[Records contained in a dataset]
╭──

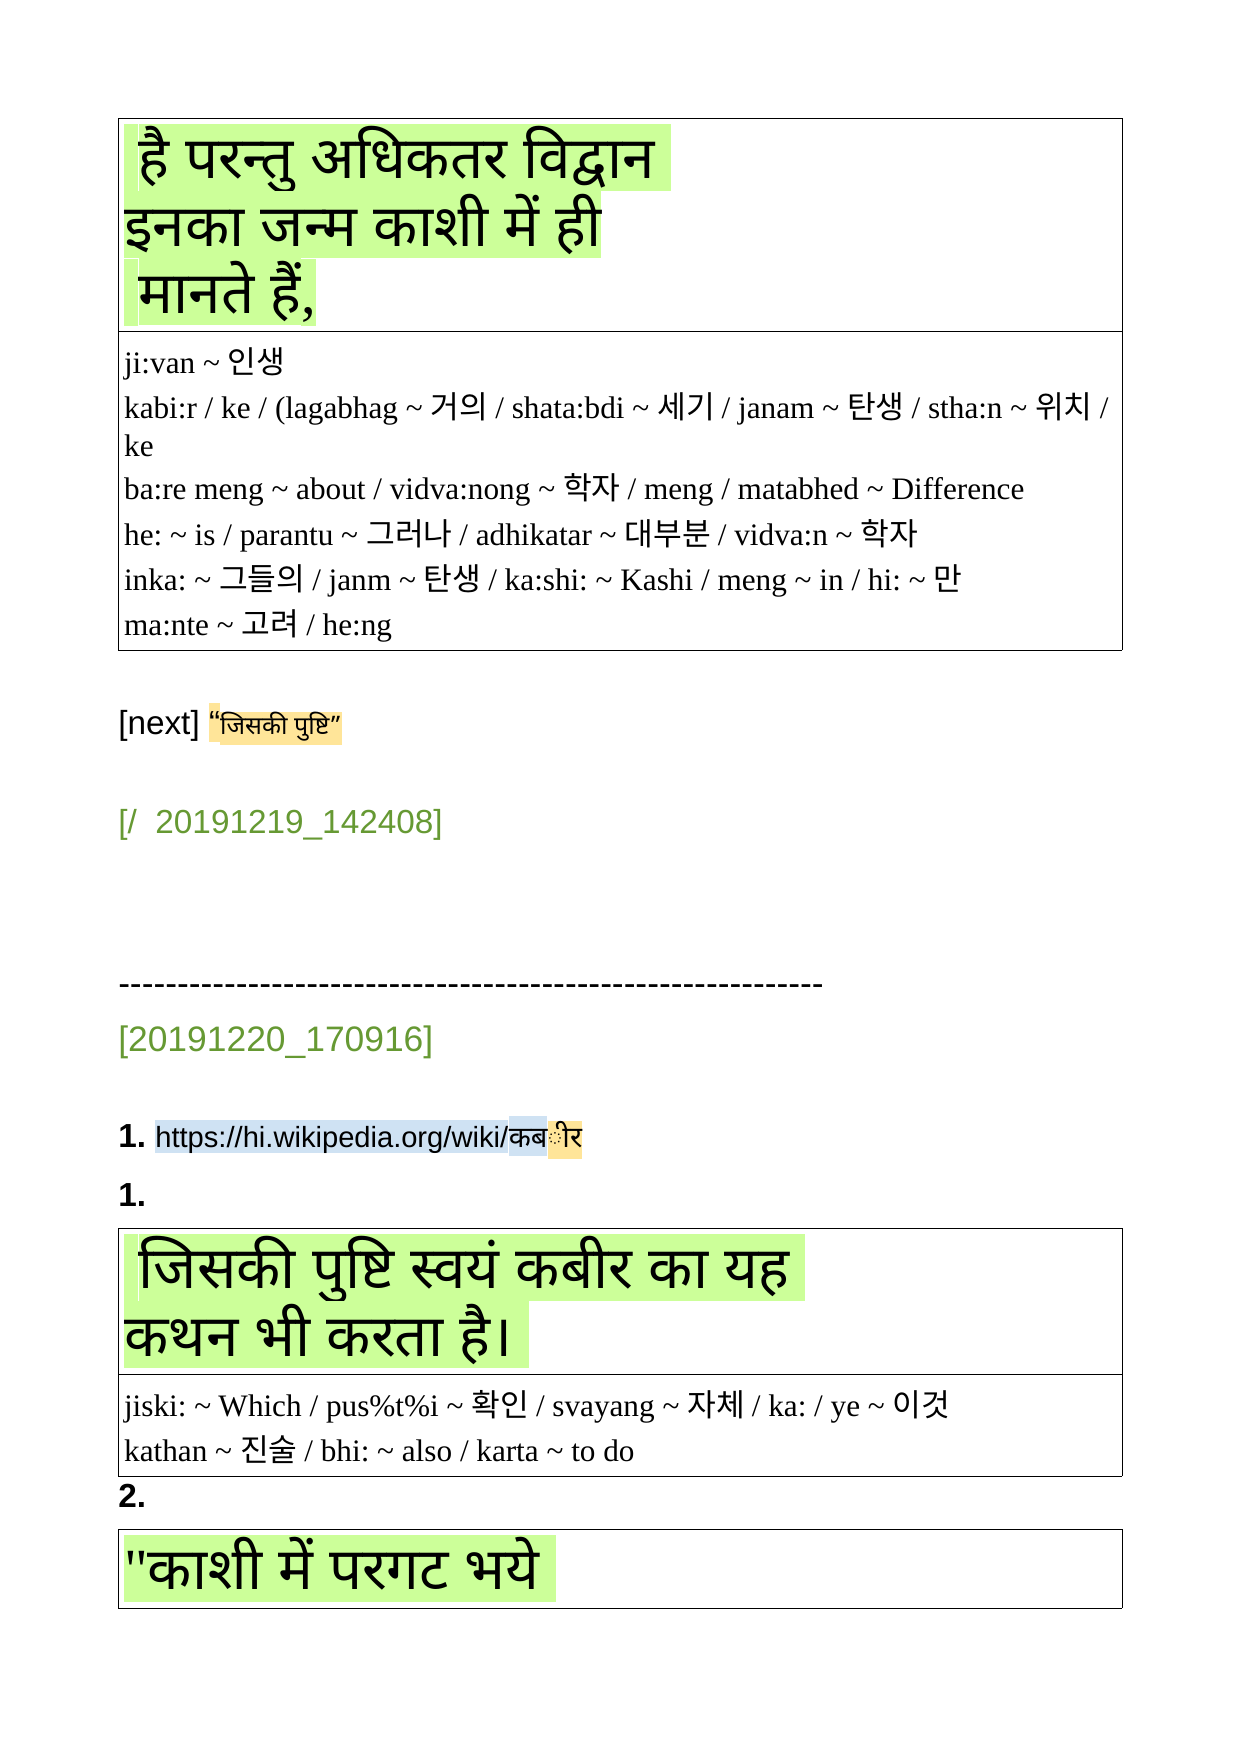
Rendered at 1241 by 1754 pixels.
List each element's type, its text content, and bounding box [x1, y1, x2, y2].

text ------------------------------------------------------------ [118, 962, 1122, 1003]
table_cell jiski: ~ Which / pus%t%i ~ 확인 / svayang ~ 자체 / ka: / ye ~ 이것 kathan ~ 진술 / bhi: ~ also / karta ~ to do [119, 1375, 1122, 1476]
table_cell ji:van ~ 인생 kabi:r / ke / (lagabhag ~ 거의 / shata:bdi ~ 세기 / janam ~ 탄생 / stha:n ~ 위치 / ke ba:re meng ~ about / vidva:nong ~ 학자 / meng / matabhed ~ Difference he: ~ is / parantu ~ 그러나 / adhikatar ~ 대부분 / vidva:n ~ 학자 inka: ~ 그들의 / janm ~ 탄생 / ka:shi: ~ Kashi / meng ~ in / hi: ~ 만 ma:nte ~ 고려 / he:ng [119, 332, 1122, 650]
table_header "काशी में परगट भये [119, 1530, 1122, 1608]
text 1. [118, 1175, 1122, 1214]
table_header जिसकी पुष्टि स्वयं कबीर का यह कथन भी करता है। [119, 1229, 1122, 1374]
text [/ 20191219_142408] [118, 802, 1122, 840]
text 2. [118, 1477, 1122, 1515]
table_header है परन्तु अधिकतर विद्वान इनका जन्म काशी में ही मानते हैं, [119, 119, 1122, 331]
text [next] “जिसकी पुष्टि” [118, 703, 1122, 745]
text 1. https://hi.wikipedia.org/wiki/कबीर [118, 1116, 1122, 1159]
text [20191220_170916] [118, 1018, 1122, 1059]
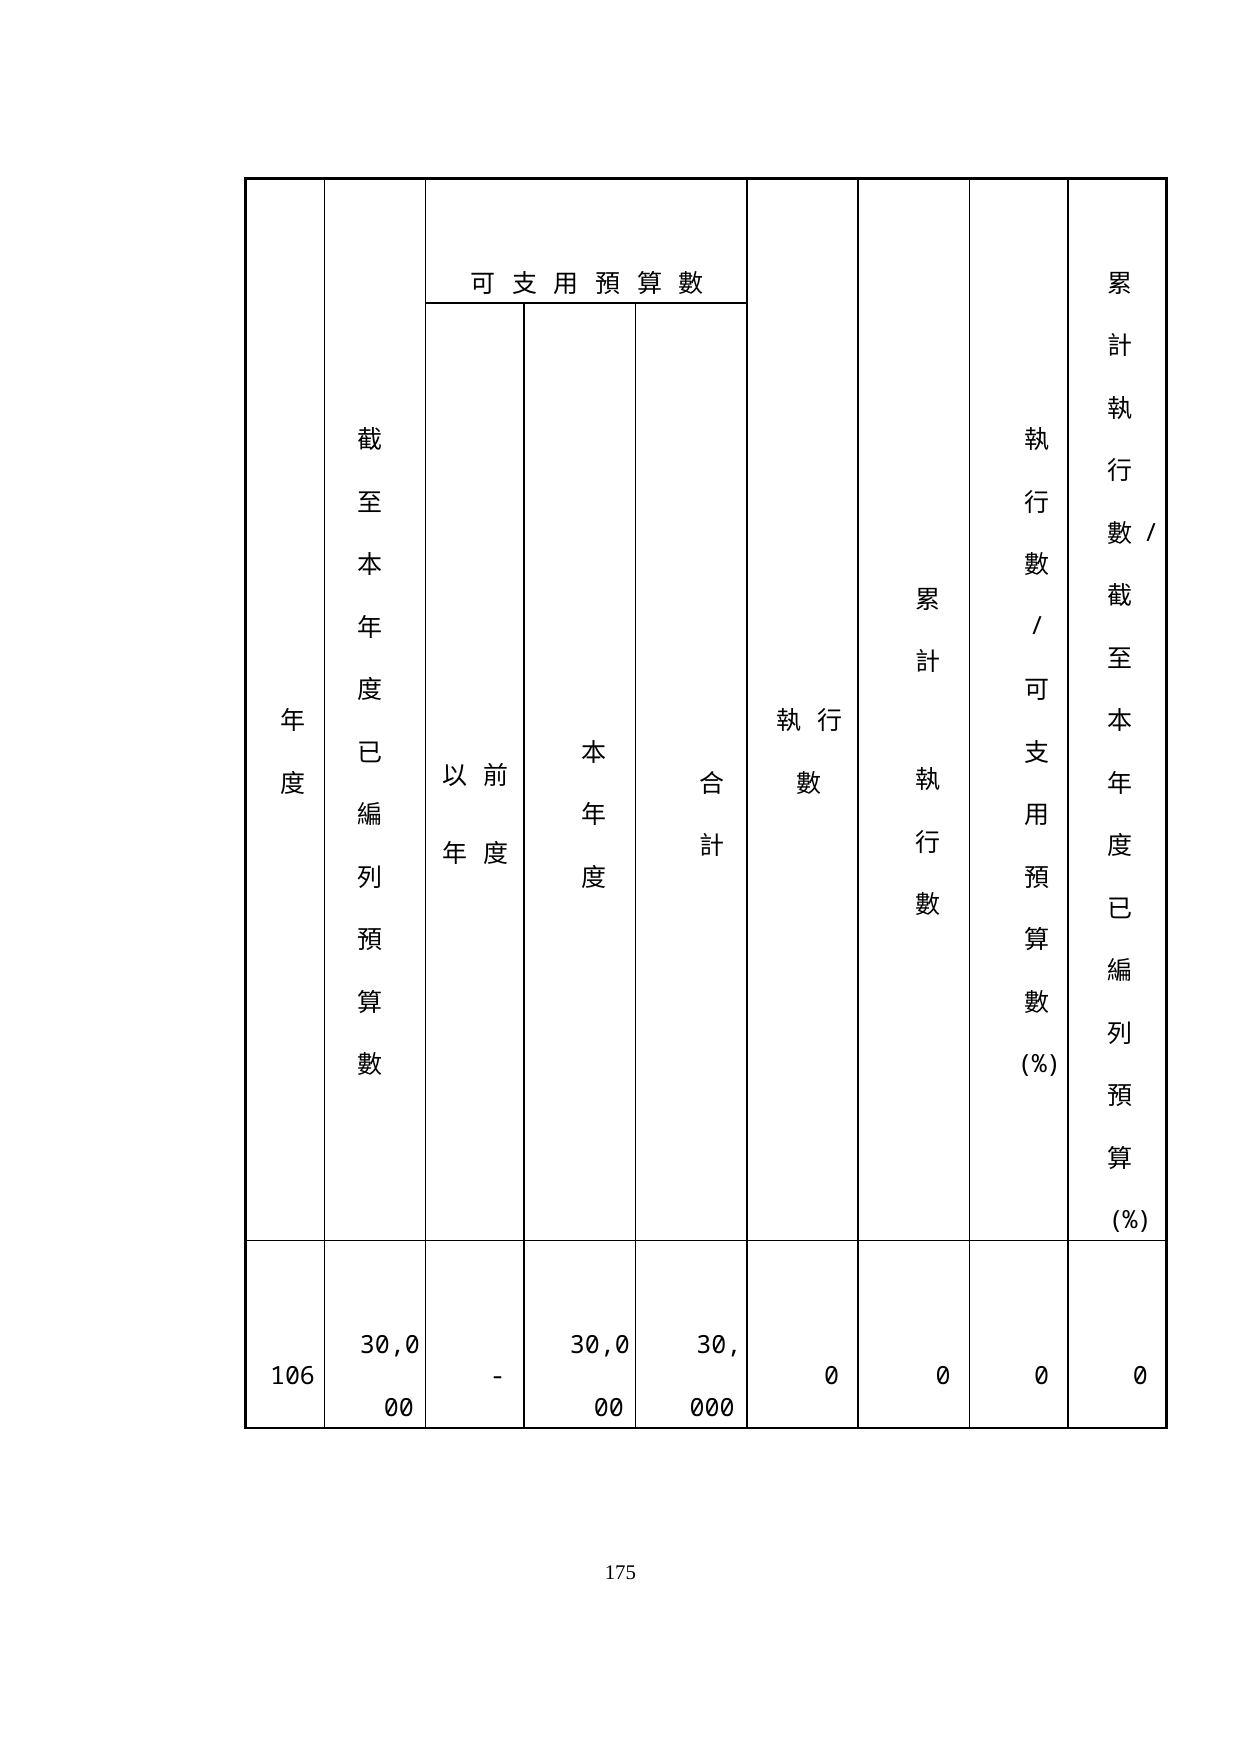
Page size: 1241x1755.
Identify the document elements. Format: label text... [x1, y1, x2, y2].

table_cell 30,000 [525, 1241, 635, 1427]
table_cell 30,000 [325, 1241, 425, 1427]
table_cell 0 [748, 1241, 857, 1427]
table_header 年度 [247, 180, 324, 1240]
table_cell 合計 [636, 304, 746, 1240]
table_cell 0 [859, 1241, 969, 1427]
table_cell 0 [1069, 1241, 1165, 1427]
table_cell 以前 年度 [426, 304, 523, 1240]
table_cell - [426, 1241, 523, 1427]
table_header 累計 執行數 [859, 180, 969, 1240]
table_cell 106 [247, 1241, 324, 1427]
table_header 累計執行數/截至本年度已編列預算(%) [1069, 180, 1165, 1240]
table_cell 0 [970, 1241, 1067, 1427]
table_header 執行數/可支用預算數(%) [970, 180, 1067, 1240]
table_header 執行數 [748, 180, 857, 1240]
table_header 截至本年度已編列預算數 [325, 180, 425, 1240]
table_cell 30,000 [636, 1241, 746, 1427]
table_cell 本年度 [525, 304, 635, 1240]
table_header 可支用預算數 [426, 180, 746, 302]
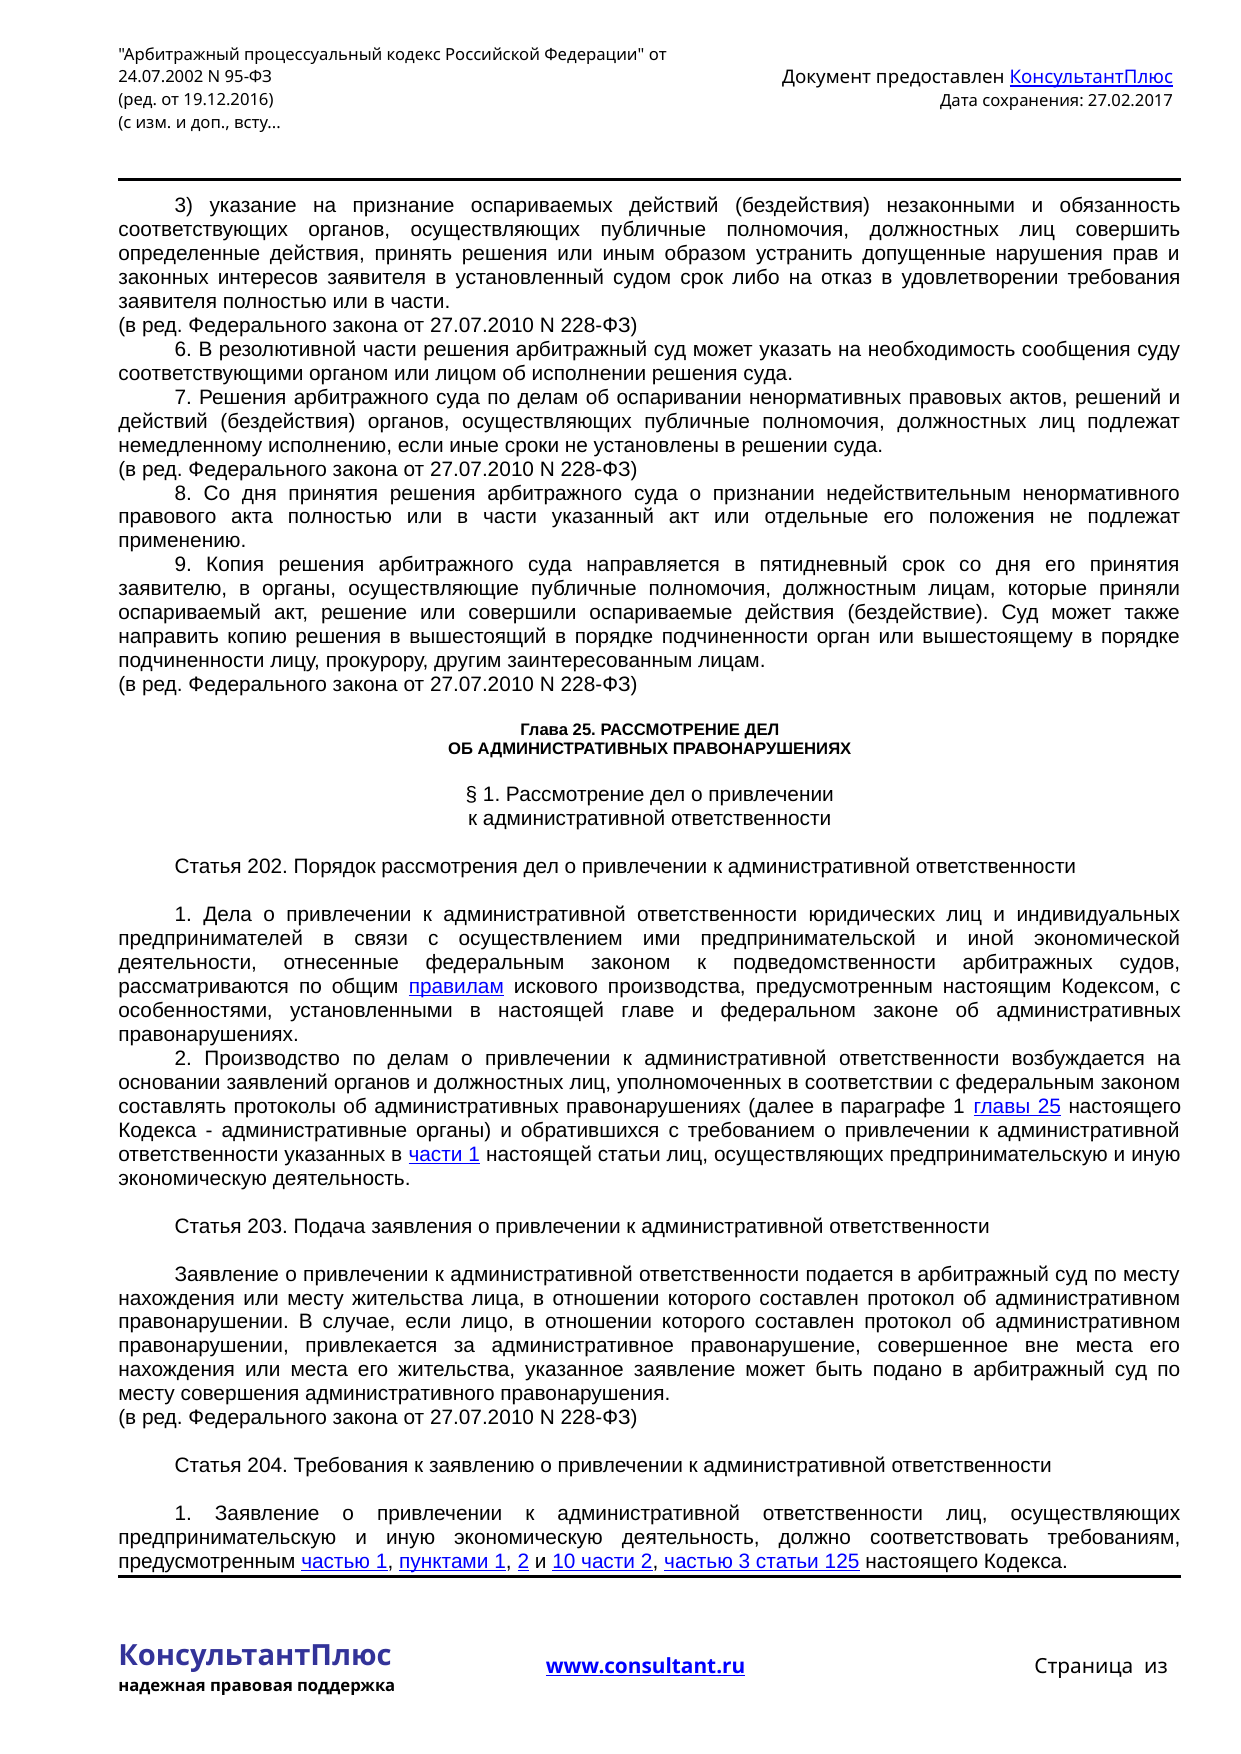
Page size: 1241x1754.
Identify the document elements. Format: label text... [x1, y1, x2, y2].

╰──

Reply with nothing but the number of lines in the data that include the word "Page".

2